J'entends, pour ma part, que la France apporte sa part à ce combat et je ne cesserai pendant ce septennat à la fois de me battre pour le développement et de condamner ceux qui baissent les bras ou ceux qui, hypocritement, se désengagent, et de ce point de vue, vous pouvez être assurés que je serai à vos côtés, et notamment cela va de soi car il faut faire des choix, - une famille comporte des frères, des cousins, des amis -, et notamment naturellement aux côtés de la famille francophone à laquelle nous lient bien sûr des liens particulièrement forts.

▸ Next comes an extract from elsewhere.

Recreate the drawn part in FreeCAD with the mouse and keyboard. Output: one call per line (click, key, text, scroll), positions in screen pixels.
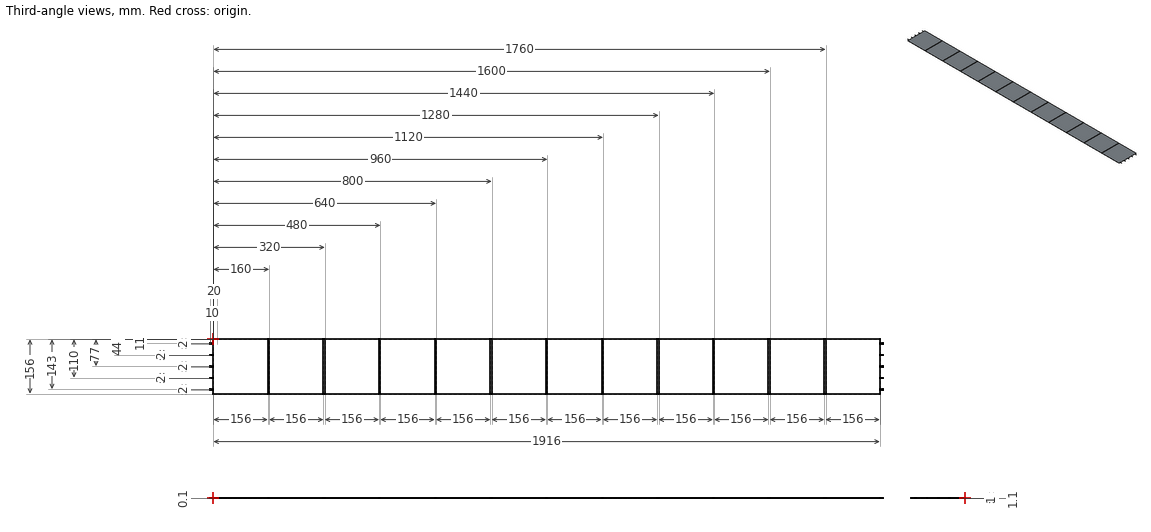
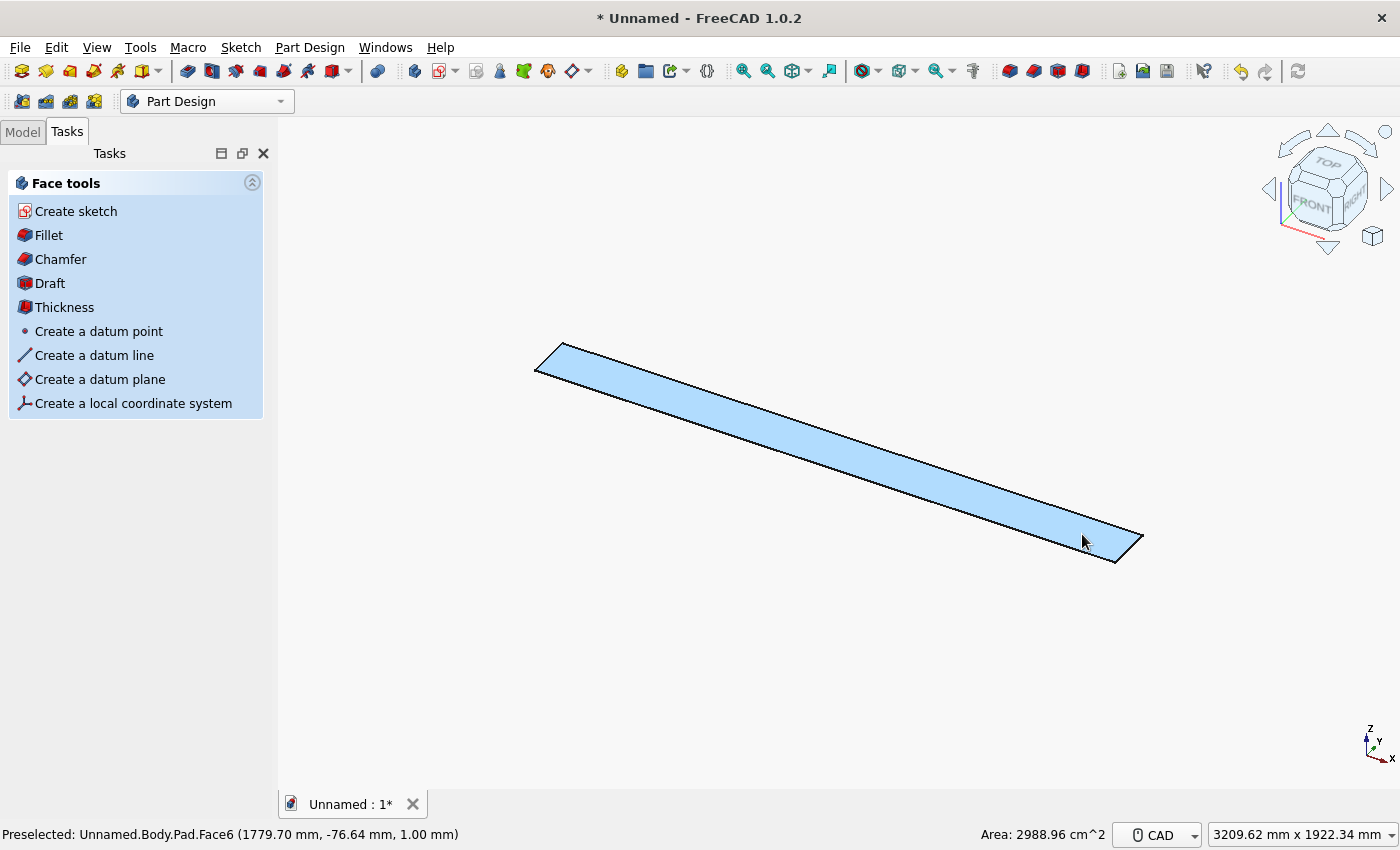
click(440, 72)

Voilà, mon cher Abdou, quelques réflexions, je n'ai pas ici l'impression vraiment de m'exprimer devant des étrangers, j'ai l'impression de m'exprimer dans ma famille, et cela peut vous paraître peut-être excessif, ne croyez pas que je veuille par là même faire la moindre ingérence dans les affaires du Sénégal. Je vous le dis avec mon coeur, et c'est avec le coeur que je remercie aujourd'hui l'ensemble des autorités sénégalaises pour l'accueil qu'elles m'ont réservé, et c'est avec mon coeur que maintenant, avant de lui passer la parole, je vais embrasser votre président.